Some success stories from our teams include:

  • Leveraging Data Sentinel to discover duplicated work anniversary data and primary keys for organization data.
  • Data Sentinel helped a team that works with member and jobs data 1) discover duplicated data, 2) intervene and prevent corrupted data from being pushed to a database.
  • Data Sentinel helped a team that works with recruiter data discover duplicate records, thus preventing the learning of biased machine learning models from this corrupted data.

Ongoing development

Following its widespread success and added value at LinkedIn, Data Sentinel continues to undergo intense development to improve its capabilities.

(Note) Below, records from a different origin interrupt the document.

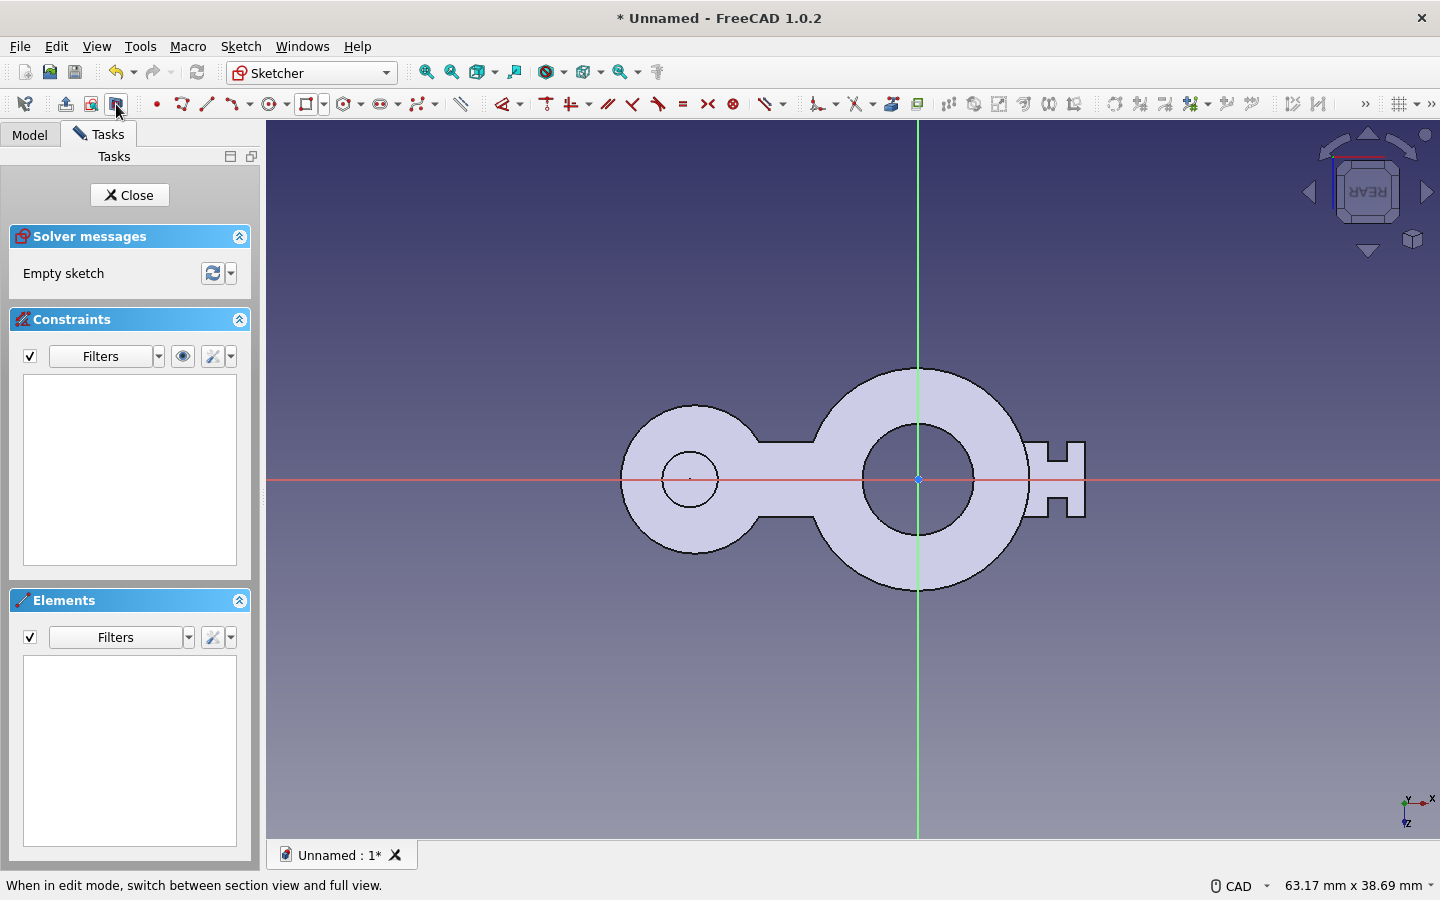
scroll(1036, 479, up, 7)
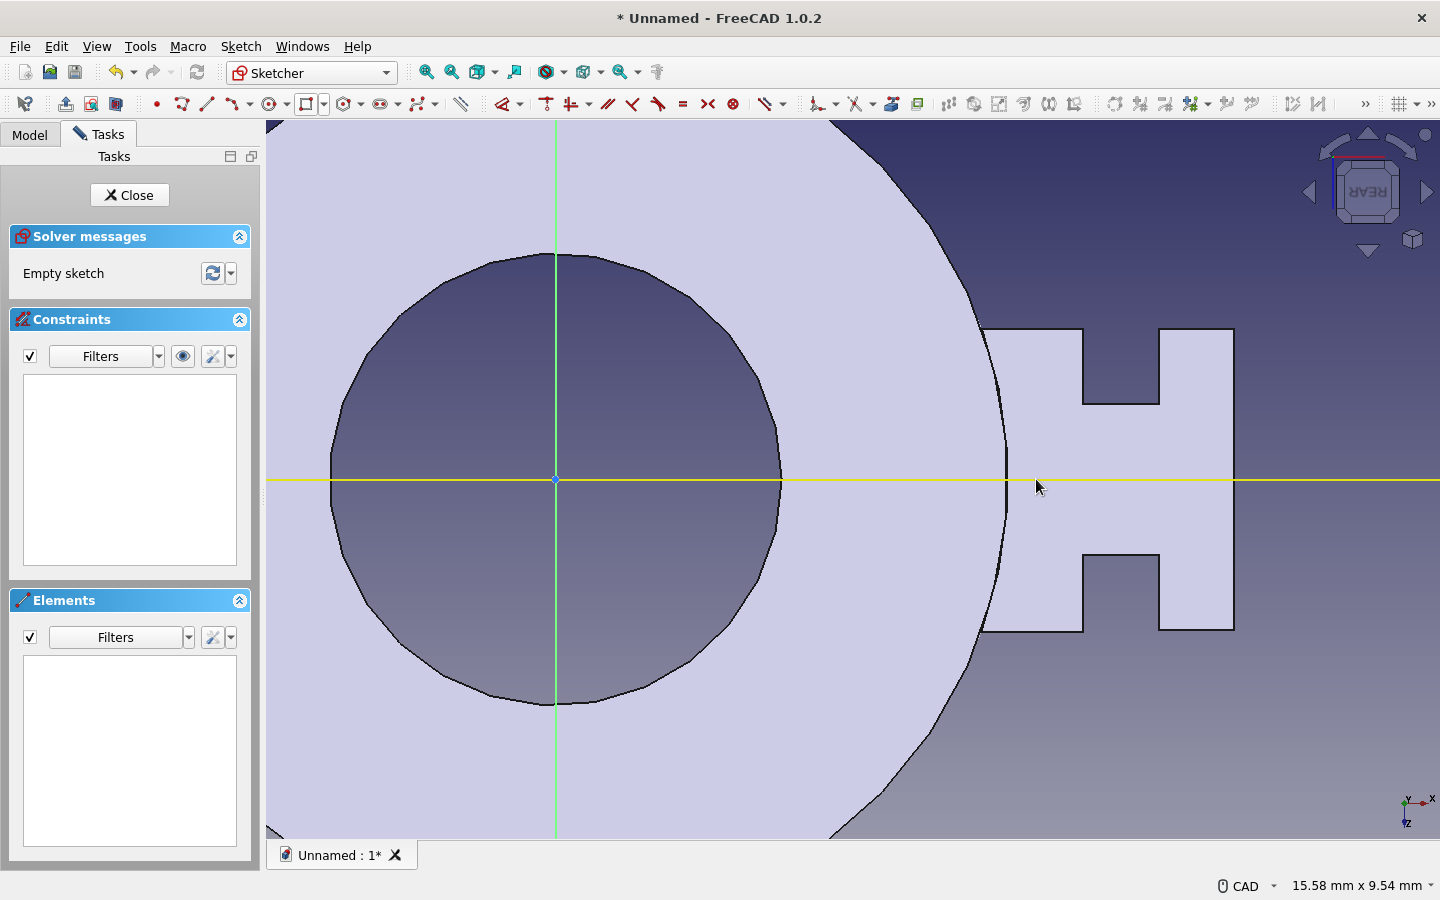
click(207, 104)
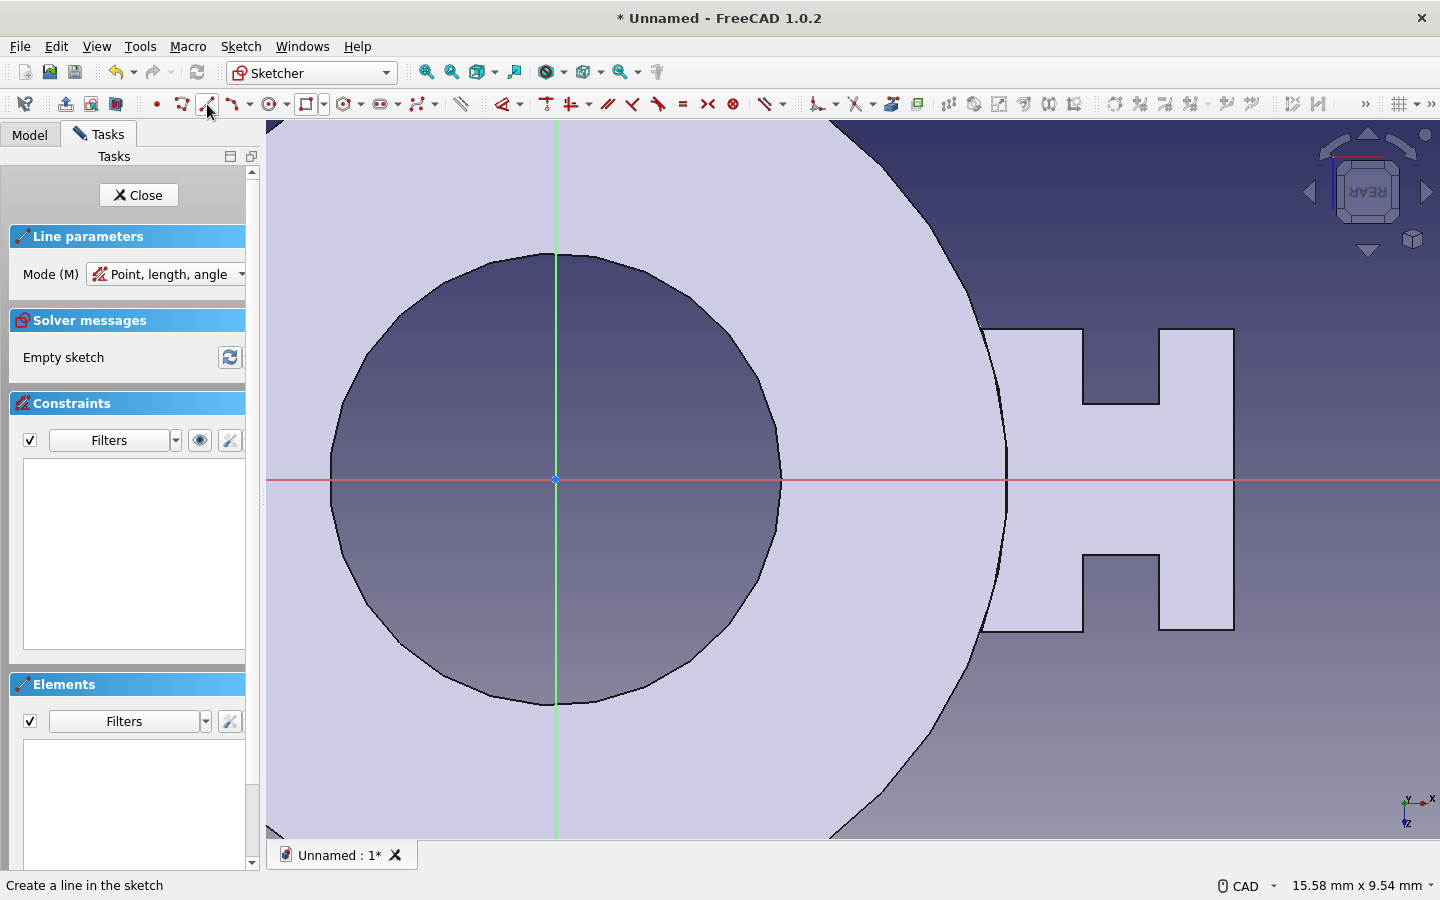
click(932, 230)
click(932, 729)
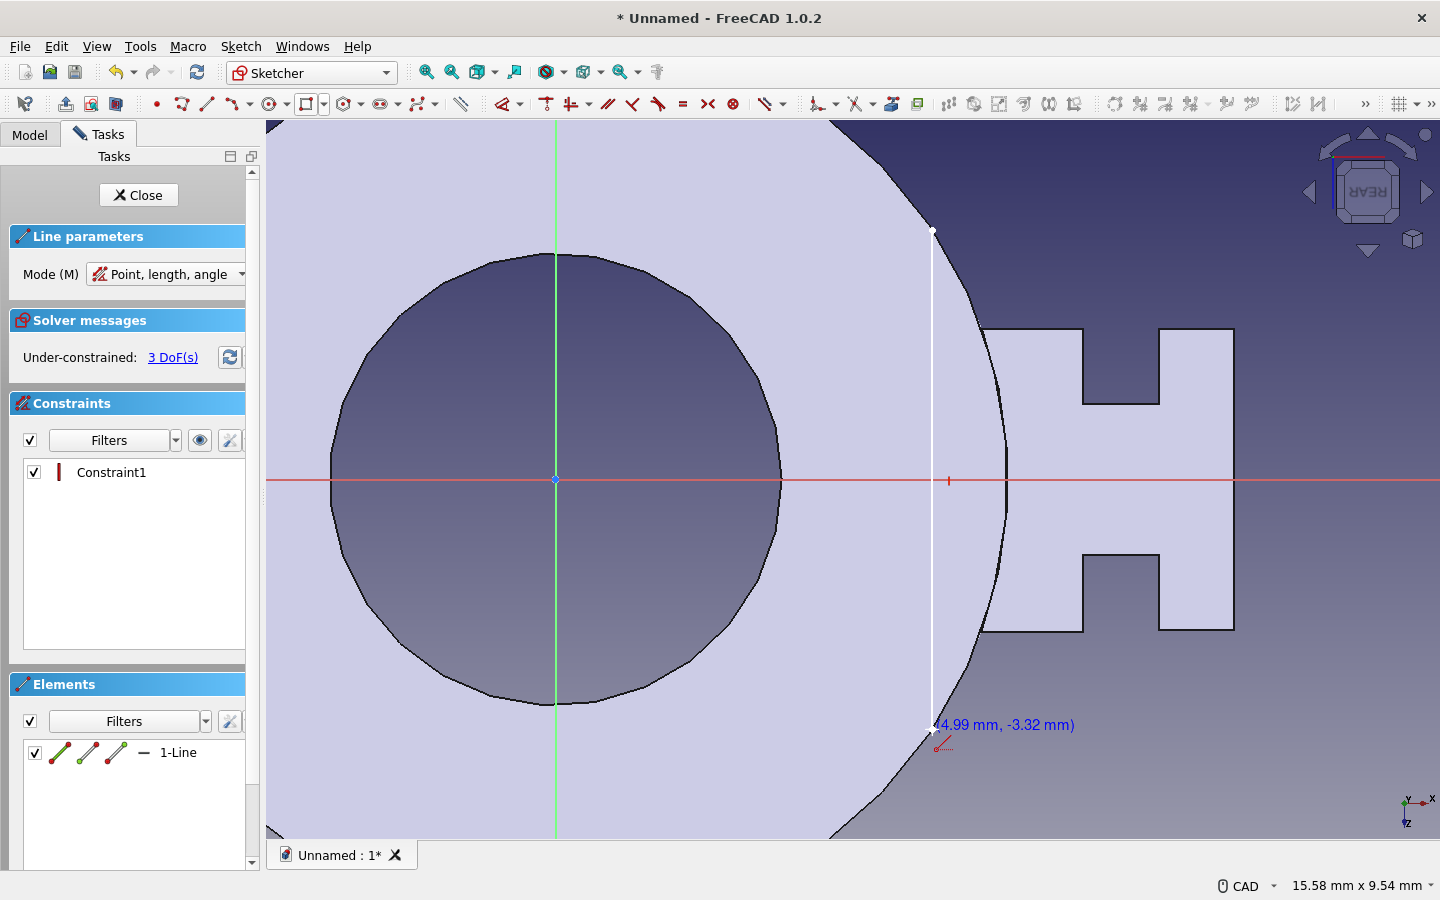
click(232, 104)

These exciting efforts include the following:

  • Implementing more data mining methods based on AI, statistics, and machine learning to perform data checks
  • Discovering and recommending data checks for users
  • Validating data in an online streaming fashion (as opposed to the current offline batch-processing approach)
  • Leveraging self-driving database techniques, as referenced in this paper, to improve the performance of data validation jobs

At LinkedIn, we are excited to continue pushing the frontiers of data mining, data management, and software engineering to address data quality problems. We hope that Data Sentinel will not only raise awareness around the importance of data quality, but also inspire concepts of “testing coverage” and health metrics for datasets to be incorporated into software engineering and big data analytics.